There was also a jazzy quality to the way Arreguín spoke. When I called poet Lawrence Matusda this week, he marveled at how his friend could tell stories, how he could court over dinner with the same enthusiasm and flourish with which he painted.
“When you heard him speak, it almost sounded like melodies,” said Matsuda, who often collaborates with painter Roger Shimomura. “It was like a song: you could feel the beats as he told you about his bad behavior, his good behavior, his redemption. In a room full of people, he was the star and he was the black hole. Everything is passed to Alfredo.
Arreguín told stories of himself as a rowdy young entertainer who drank, smoked, and had never met a stranger. As a student at his favorite bar, he jumped and swung from pendant lights and danced across tables. When the police arrested another man for being naked in the bar, Arreguín announced that he would join the naked man in jail. He got out and urinated on the police car, and together they went to jail.
Arreguín credited author Raymond Carver with helping him get his drinking under control. Carver’s wife, poet and prolific writer Tess Gallagher, also visited Arreguín’s studio, as did the elusive Haruki Murakami. Carver wrote a short story in 1987, “Menudo», which takes place at the Arreguín house. In the midst of a breakdown, the narrator looks up at the jungle animals on the wall, and a painter named Alfredo cooks a Mexican soup (menudo) on the stove. “He put his big painter’s hand on my shoulder,” the narrator says, capturing Arreguín’s warmth with his words.
Arreguín shared his basement studio with his wife, painter Susan R. Lytle, known for her close-ups of flowers. “From the moment we met in 1974, we were together,” Lytle told me in a phone call this week. “For one of our first dates, he invited me to come to his studio. I brought my canvas and my paint, and we listened to music and painted together. It was so good that we’ve done it for the rest of our lives. A towering pile of empty paint tubes, piled up for decades, divides their studio in two. Canvases of flowers line the walls on its side and Frida’s faces adorn hers. .
When I think back to my photo shoot with Arreguín, I feel the same warmth that so many people talk about. I feel its strength and friendliness, its bullish charm. I see his square jaw smiling and his blue eyes squinting.
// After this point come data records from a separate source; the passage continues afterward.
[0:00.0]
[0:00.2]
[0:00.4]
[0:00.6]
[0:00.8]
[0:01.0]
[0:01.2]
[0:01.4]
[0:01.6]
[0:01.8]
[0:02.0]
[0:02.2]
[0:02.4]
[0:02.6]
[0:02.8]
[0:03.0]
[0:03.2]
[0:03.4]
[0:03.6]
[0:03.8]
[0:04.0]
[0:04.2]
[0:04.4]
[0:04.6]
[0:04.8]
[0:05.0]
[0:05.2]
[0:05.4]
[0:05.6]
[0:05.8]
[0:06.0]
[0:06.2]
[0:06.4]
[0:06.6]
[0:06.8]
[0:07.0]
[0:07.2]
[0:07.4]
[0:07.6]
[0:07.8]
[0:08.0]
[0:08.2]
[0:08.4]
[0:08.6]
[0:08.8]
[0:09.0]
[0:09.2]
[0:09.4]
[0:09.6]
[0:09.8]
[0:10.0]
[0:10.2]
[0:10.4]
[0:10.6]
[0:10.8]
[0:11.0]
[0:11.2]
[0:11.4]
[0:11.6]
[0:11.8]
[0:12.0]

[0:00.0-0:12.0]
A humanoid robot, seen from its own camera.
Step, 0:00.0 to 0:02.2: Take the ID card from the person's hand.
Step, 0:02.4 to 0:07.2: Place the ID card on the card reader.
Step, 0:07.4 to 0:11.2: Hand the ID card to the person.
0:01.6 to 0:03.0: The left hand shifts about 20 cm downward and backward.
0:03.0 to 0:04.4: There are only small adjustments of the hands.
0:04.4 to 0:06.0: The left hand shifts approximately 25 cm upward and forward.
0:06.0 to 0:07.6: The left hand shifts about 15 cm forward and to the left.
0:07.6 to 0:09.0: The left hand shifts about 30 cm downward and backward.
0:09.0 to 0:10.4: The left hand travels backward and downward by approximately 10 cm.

My brother was filming with me. “I remember that day very well,” he sent me this week. It looks like I might come back to this kitchen if I closed my eyes and thought about it long enough. That was perhaps Arreguín’s greatest gift: he gave you more imagination. Lawrence Matsuda reinforced this idea when I spoke to him: “Recently I saw something that said, ‘We don’t remember days, we remember moments.’ But with Alfredo, you remember the day. All day.”
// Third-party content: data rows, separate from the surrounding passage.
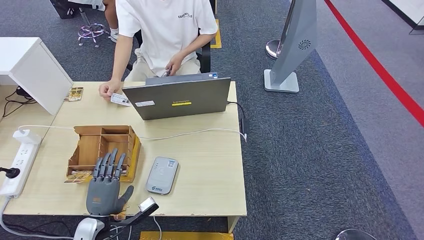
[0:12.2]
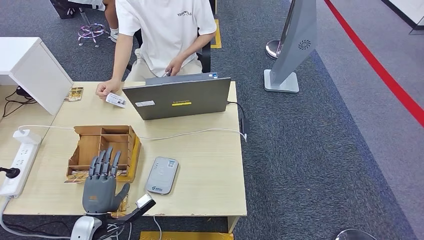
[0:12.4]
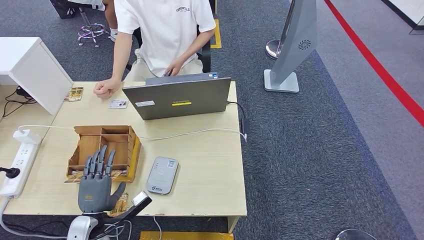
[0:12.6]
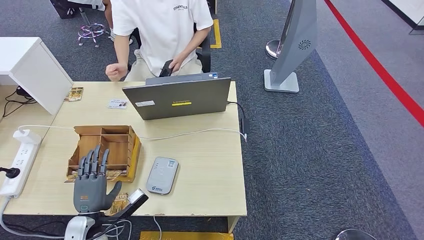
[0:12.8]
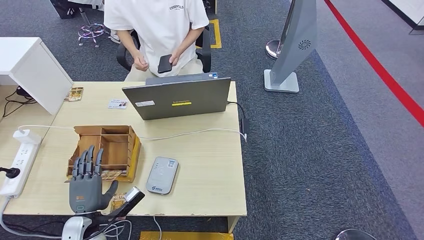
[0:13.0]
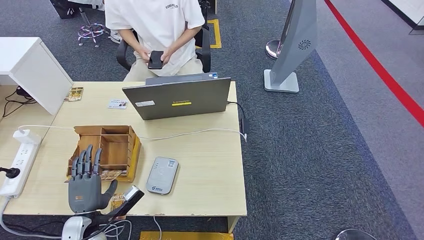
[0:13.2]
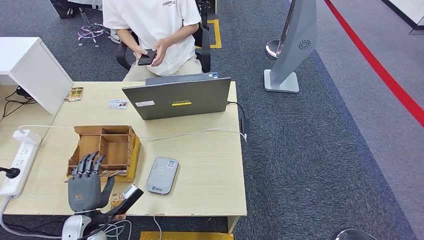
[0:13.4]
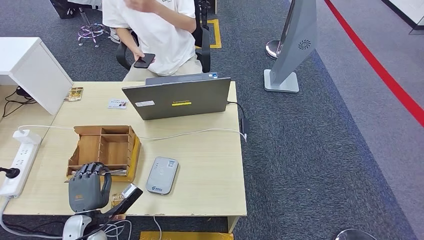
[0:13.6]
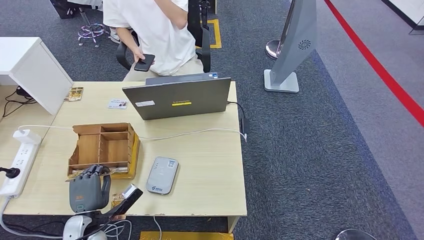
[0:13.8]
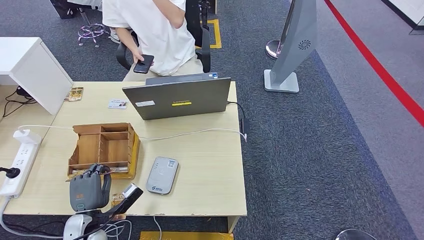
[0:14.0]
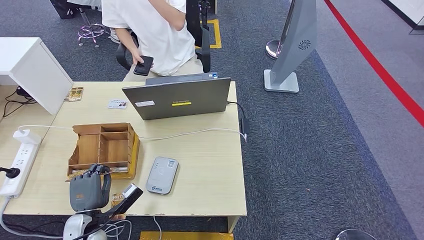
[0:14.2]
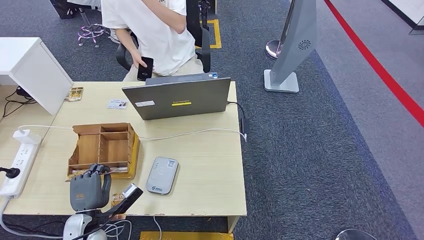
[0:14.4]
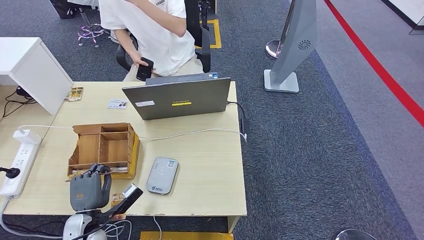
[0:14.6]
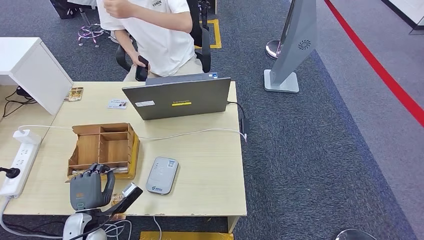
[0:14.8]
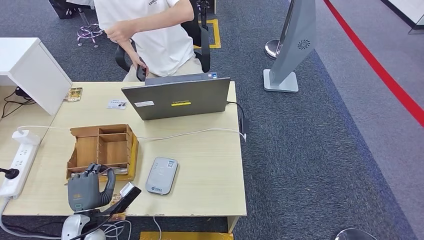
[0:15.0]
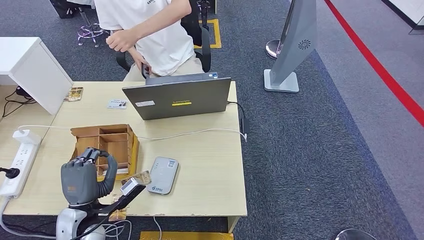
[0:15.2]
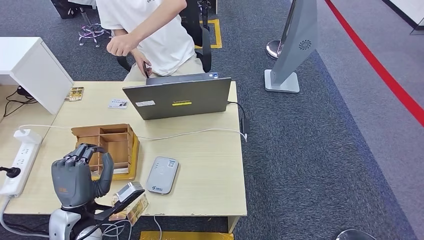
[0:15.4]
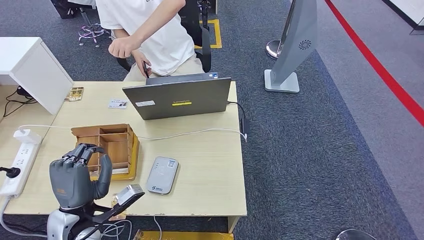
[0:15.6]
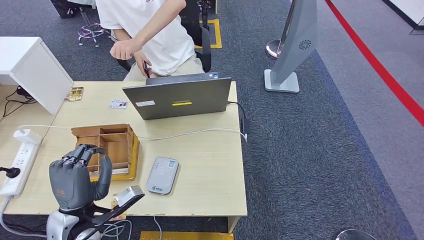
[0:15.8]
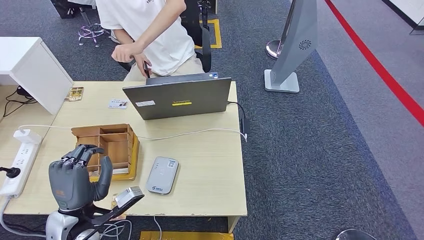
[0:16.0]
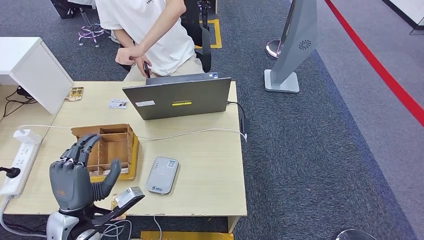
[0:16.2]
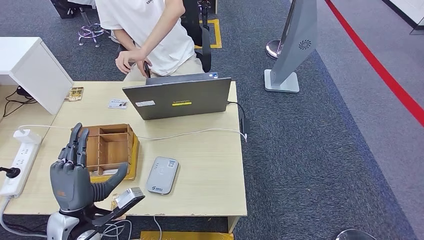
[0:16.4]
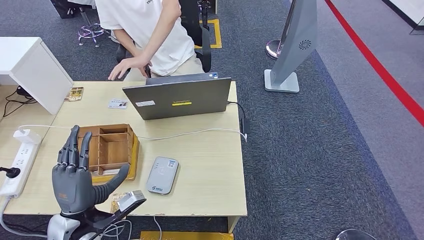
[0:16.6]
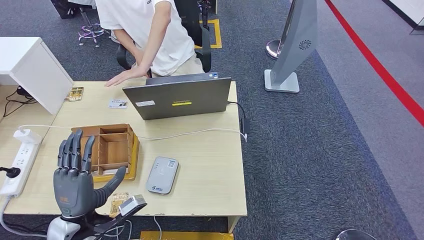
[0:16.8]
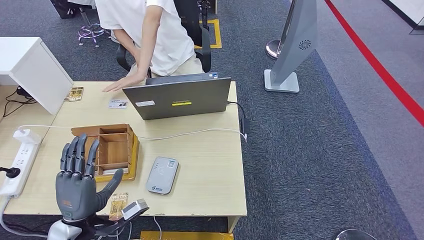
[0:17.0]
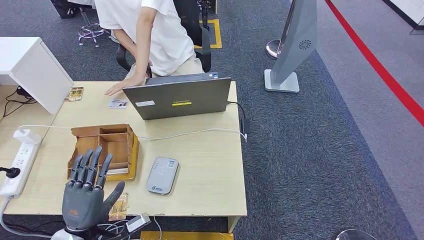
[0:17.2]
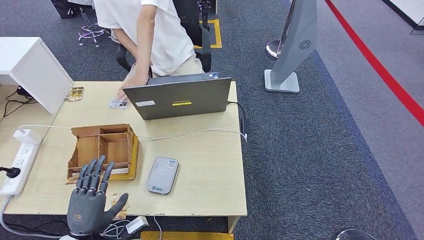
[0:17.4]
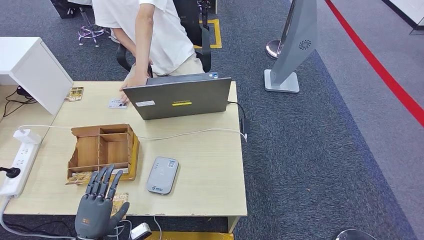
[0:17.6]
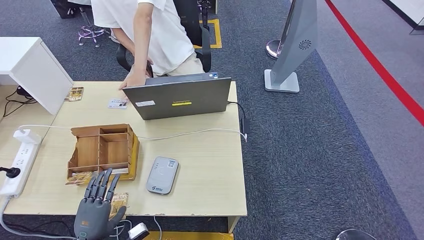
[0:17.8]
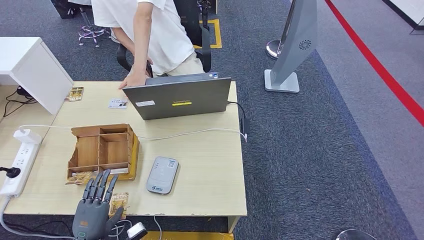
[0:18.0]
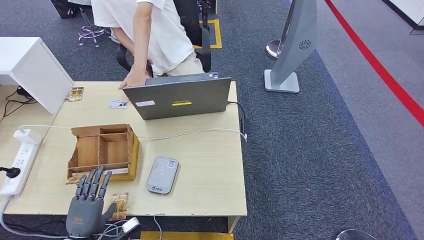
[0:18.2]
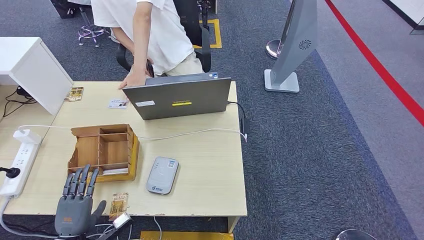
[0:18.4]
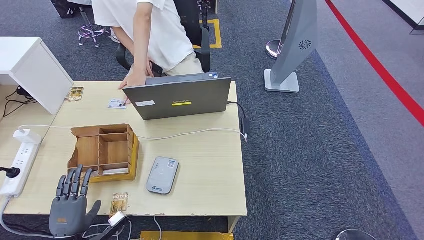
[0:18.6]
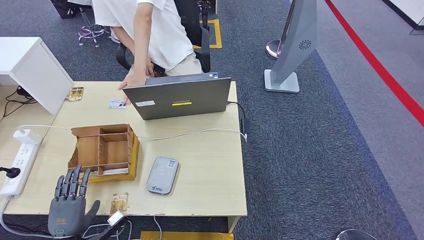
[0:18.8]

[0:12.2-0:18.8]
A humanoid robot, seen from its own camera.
Step, 0:12.2 to 0:14.8: Pick up the room key from the key card box.
0:12.2 to 0:13.8: The hands make only small movements.
0:13.8 to 0:15.4: The left hand travels upward by roughly 10 cm.
0:15.4 to 0:17.2: The left hand moves about 5 cm.
0:17.2 to 0:18.8: The left hand goes roughly 10 cm downward and to the left.

Arreguín pioneered a rigorous and meticulous process, but without an underlying equation. And yet, that afternoon, I wanted there to be one. I was struggling to improve my drawing and painting, so I asked the master for advice. Arreguín, then 86, smiled and shook his head. How many times must he have heard this question over the decades. I was just another student looking for a shortcut, a map to art treasures. Arreguin patted his chest with his large painter’s hand. “Your heart,” he said. “That’s what you paint with.”